Dataset records
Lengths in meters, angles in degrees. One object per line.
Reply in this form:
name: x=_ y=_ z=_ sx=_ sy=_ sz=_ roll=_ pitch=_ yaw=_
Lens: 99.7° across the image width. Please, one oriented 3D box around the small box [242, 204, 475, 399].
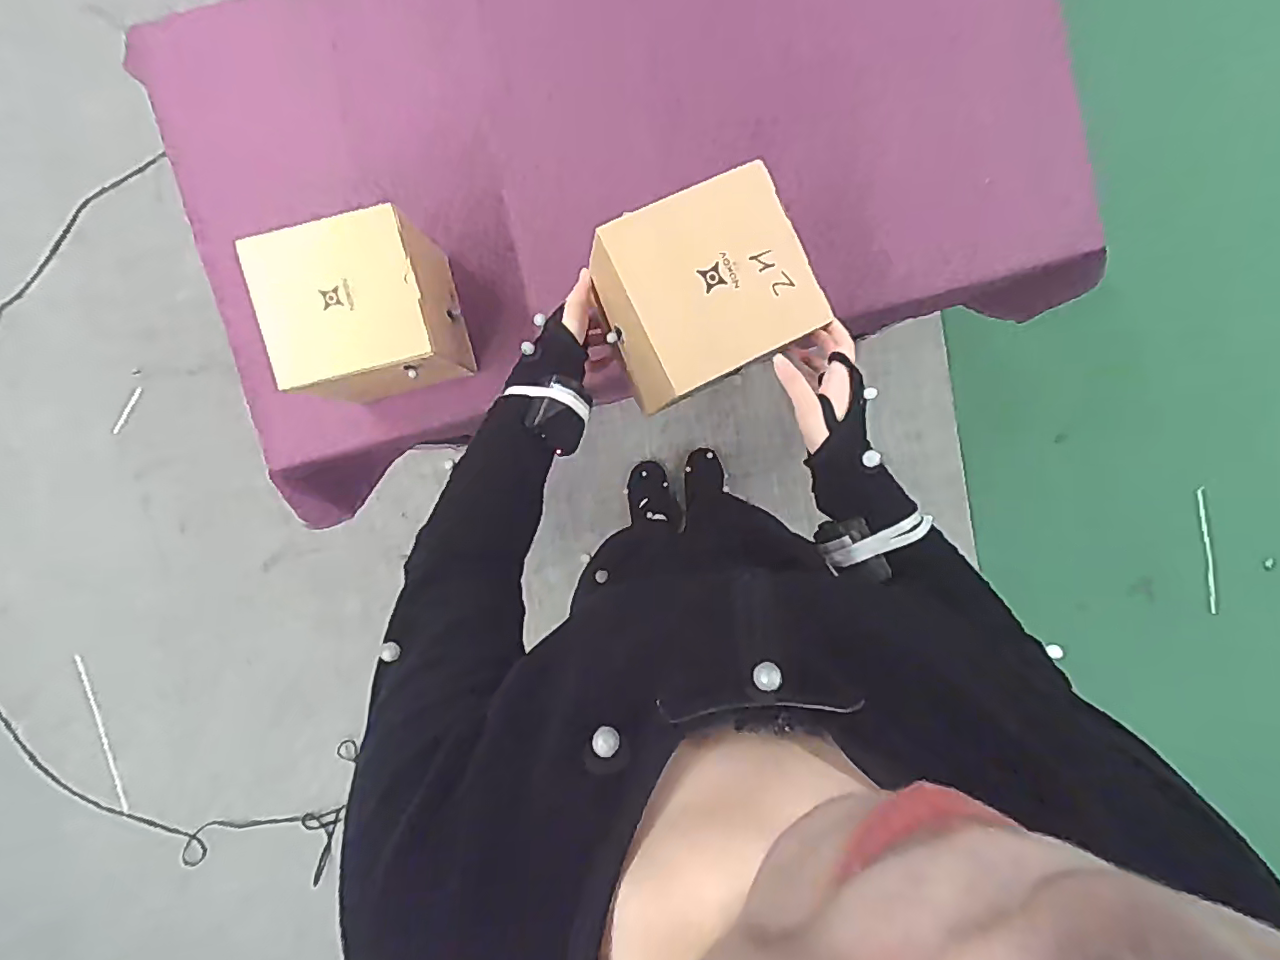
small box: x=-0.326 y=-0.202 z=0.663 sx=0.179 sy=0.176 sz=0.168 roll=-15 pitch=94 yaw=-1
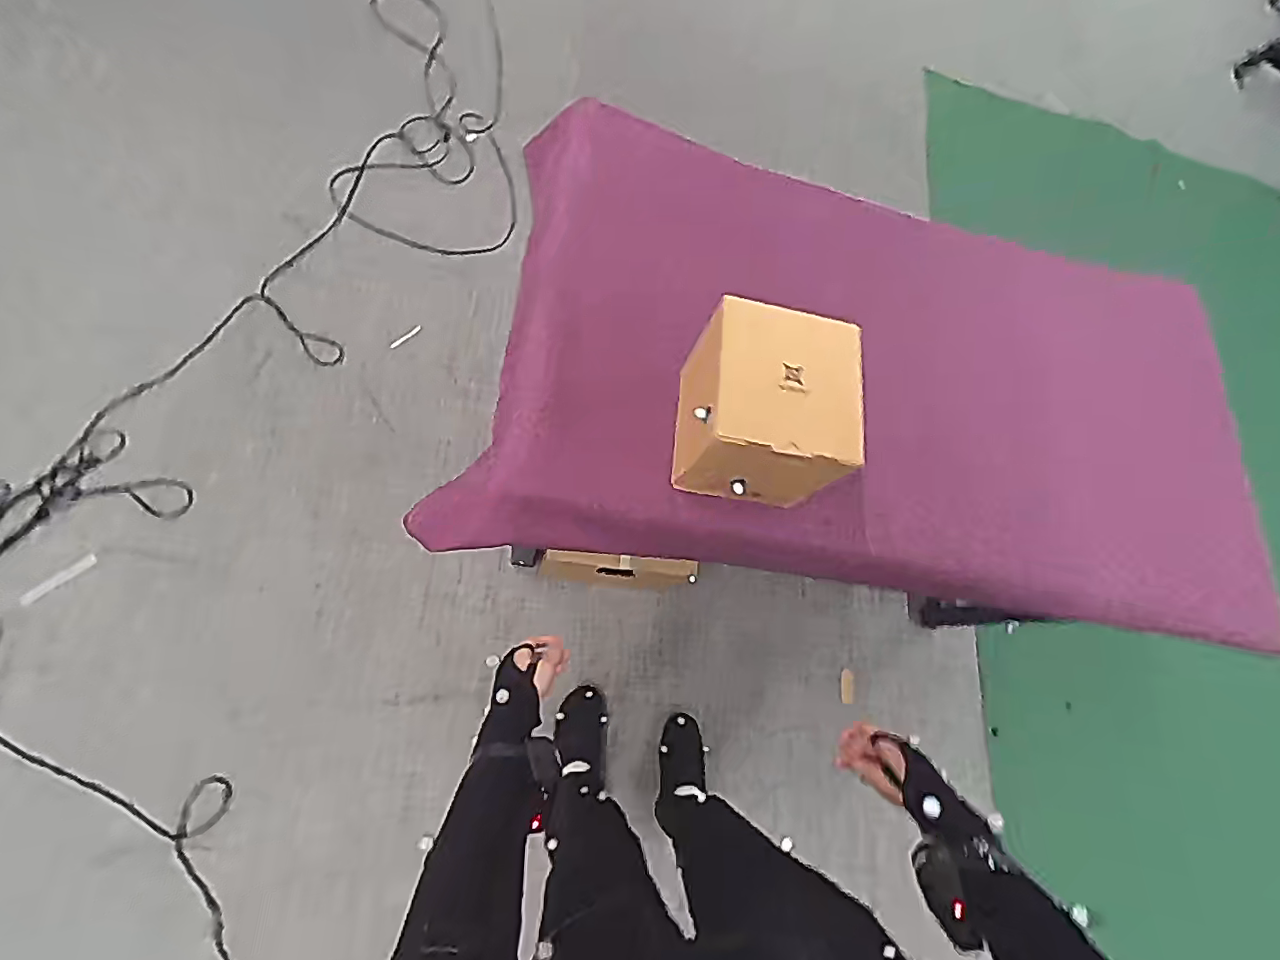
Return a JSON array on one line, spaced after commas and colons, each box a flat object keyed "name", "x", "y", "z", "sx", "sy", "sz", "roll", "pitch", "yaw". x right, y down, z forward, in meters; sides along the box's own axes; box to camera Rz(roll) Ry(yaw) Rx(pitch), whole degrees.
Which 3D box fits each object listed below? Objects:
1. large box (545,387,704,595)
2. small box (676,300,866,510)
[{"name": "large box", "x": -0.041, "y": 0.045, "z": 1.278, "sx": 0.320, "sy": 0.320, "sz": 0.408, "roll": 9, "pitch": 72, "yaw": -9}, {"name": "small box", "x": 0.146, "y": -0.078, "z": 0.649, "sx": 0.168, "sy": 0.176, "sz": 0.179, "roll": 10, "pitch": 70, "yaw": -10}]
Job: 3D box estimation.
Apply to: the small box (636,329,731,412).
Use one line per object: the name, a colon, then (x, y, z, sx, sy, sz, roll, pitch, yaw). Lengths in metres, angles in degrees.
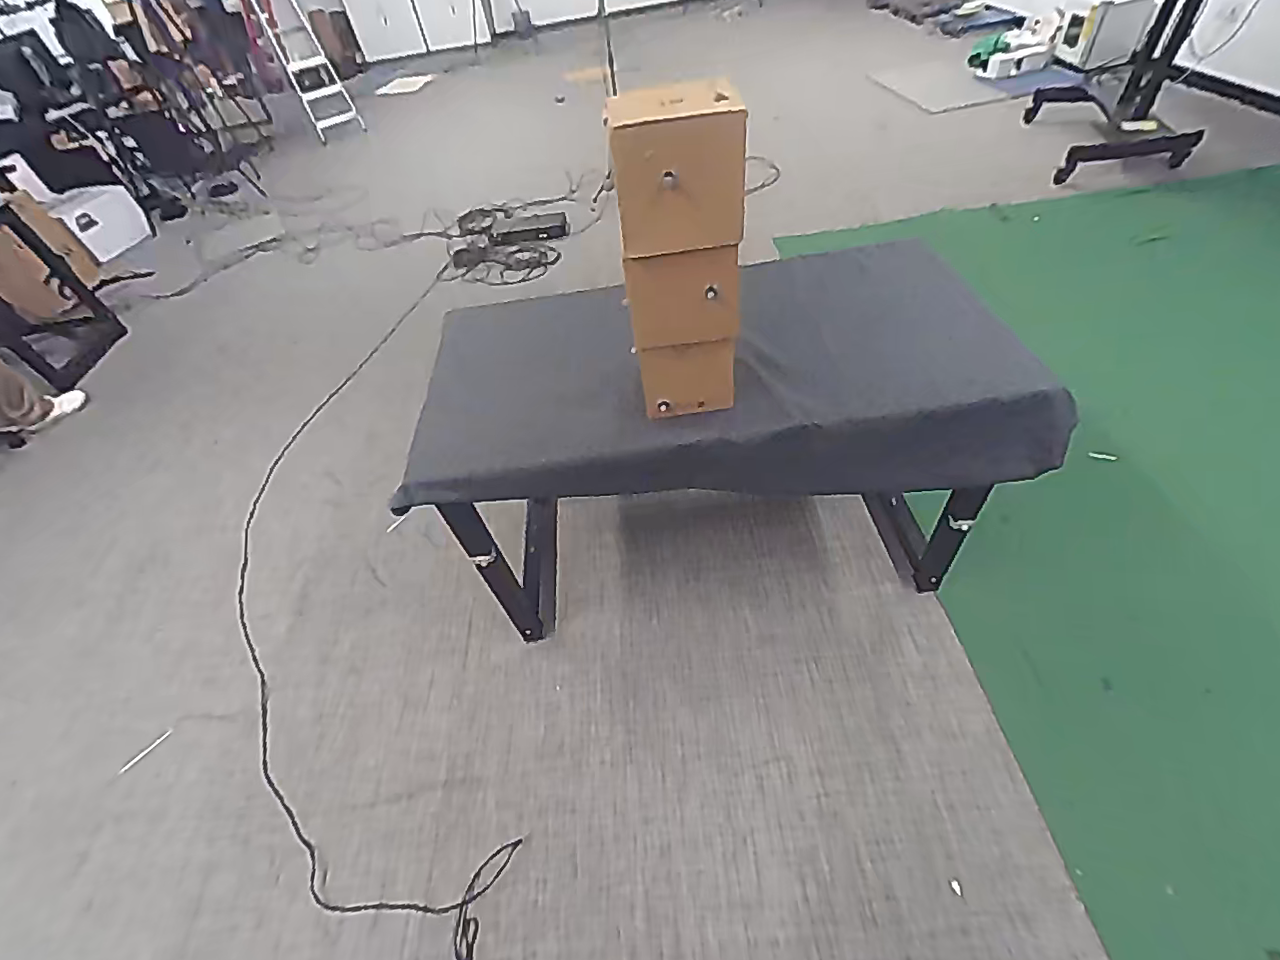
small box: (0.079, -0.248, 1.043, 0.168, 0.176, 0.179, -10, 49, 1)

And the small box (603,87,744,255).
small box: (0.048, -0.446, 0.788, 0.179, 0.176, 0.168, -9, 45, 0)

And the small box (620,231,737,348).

ACTION ITEM
Once the pictures are set aside, write out the entries verbatim.

TASK RESULT
Lengths in meters, angles in degrees. One object per line.
Reply in this form:
name: x=_ y=_ z=_ sx=_ sy=_ sz=_ roll=_ pitch=_ yaw=_
Lens: 99.7° across the image width. Please, one oriented 3D box around the small box [242, 204, 475, 399].
small box: x=-0.326 y=-0.202 z=0.663 sx=0.179 sy=0.176 sz=0.168 roll=-15 pitch=94 yaw=-1
Return a JSON array on one line, spaced after commas and colons, each box a flat object keyed "name", "x", "y", "z", "sx", "sy", "sz", "roll", "pitch", "yaw". x right, y down, z forward, in meters; sides along the box's own axes; box to camera Rz(roll) Ry(yaw) Rx(pitch), whole degrees.
Which 3D box fits each object listed below? Objects:
1. large box (545,387,704,595)
2. small box (676,300,866,510)
[{"name": "large box", "x": -0.041, "y": 0.045, "z": 1.278, "sx": 0.320, "sy": 0.320, "sz": 0.408, "roll": 9, "pitch": 72, "yaw": -9}, {"name": "small box", "x": 0.146, "y": -0.078, "z": 0.649, "sx": 0.168, "sy": 0.176, "sz": 0.179, "roll": 10, "pitch": 70, "yaw": -10}]
Job: 3D box estimation.
Apply to: the small box (636,329,731,412).
Use one line per object: the name, a colon, then (x, y, z, sx, sy, sz, roll, pitch, yaw). Lengths in metres, angles in degrees.
small box: (0.079, -0.248, 1.043, 0.168, 0.176, 0.179, -10, 49, 1)

And the small box (603,87,744,255).
small box: (0.048, -0.446, 0.788, 0.179, 0.176, 0.168, -9, 45, 0)

And the small box (620,231,737,348).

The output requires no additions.